Salesman之死 retells the story of Arthur Miller staging Death of a Salesman with an all-Chinese cast in 1983 Beijing. The play centers on Shen Huihui, Miller’s interpreter at the Beijing People’s Art Theatre. Recently out of the Cultural Revolution, the Chinese cast has never encountered a salesman. This impossible translation sparks a gripping story about cultural confusion and unexpected encounters.
之死, pronounced zhīsǐ, means “death of” and completes the classic title. The title’s bilingual stance continues throughout the play, which is performed in English and Mandarin with subtitles projected onto the stage in both languages.

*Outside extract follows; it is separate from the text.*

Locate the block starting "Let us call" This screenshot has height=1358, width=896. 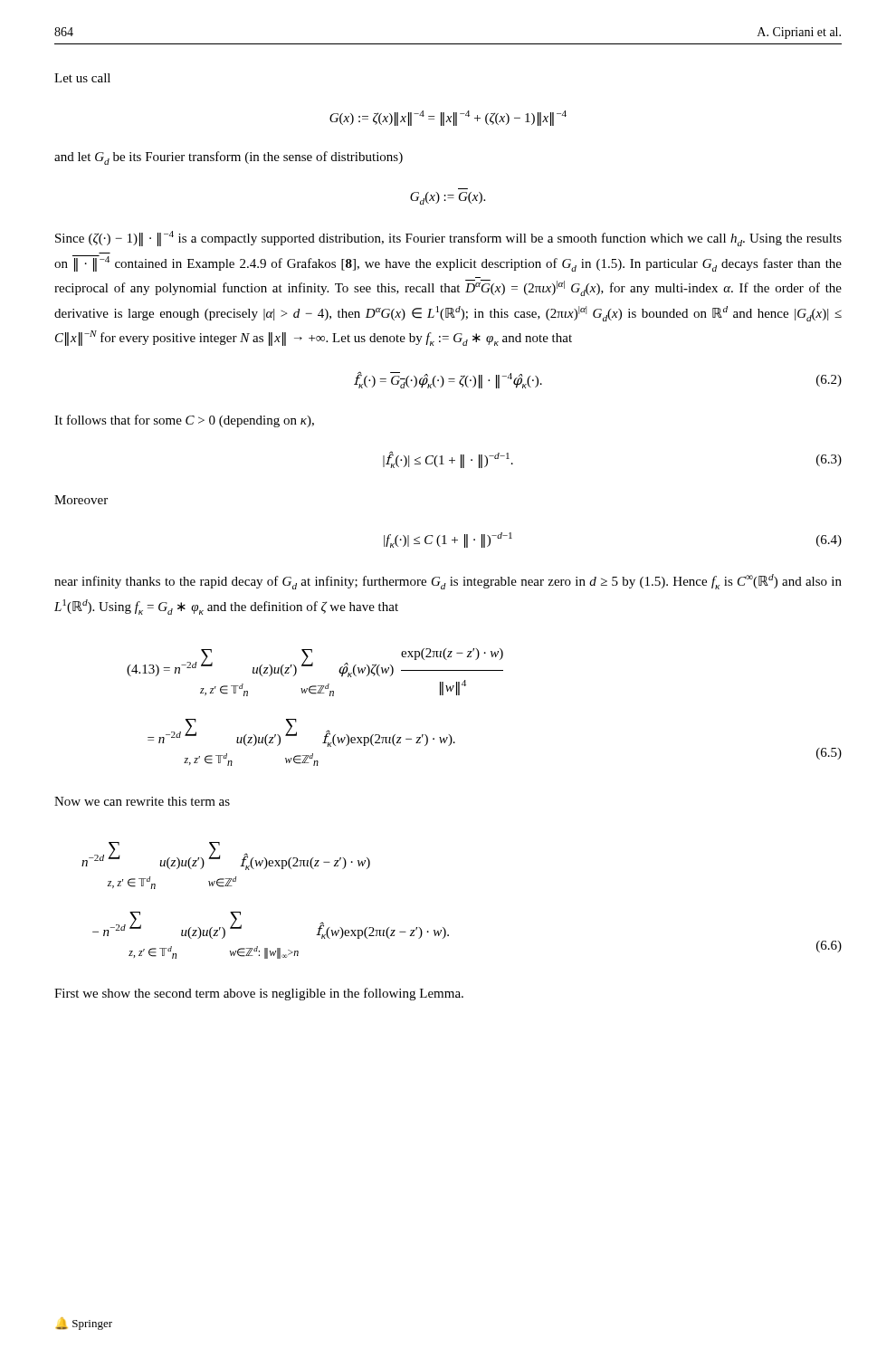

Salesman 之死 debuted at the Off-Broadway venue Connelly Theatre in 2023 and was most recently staged at the Yangtze Repertory Theatre, off Canal Street in Chinatown. Yangtze Repertory has produced theatre by, for and about the AAPI community since 1992. The initial run featured Annie Jin Wang ’20 as the production’s dramaturg and Yining Cao ’25 as the show’s producing associate.
Tiang joined the Writing program as faculty in 2021 and has won numerous awards for their novels and translations, including the International Booker Prize, PEN Translates Award and the Singapore Literature Prize. Raised in Singapore, they now live in Flushing, Queens.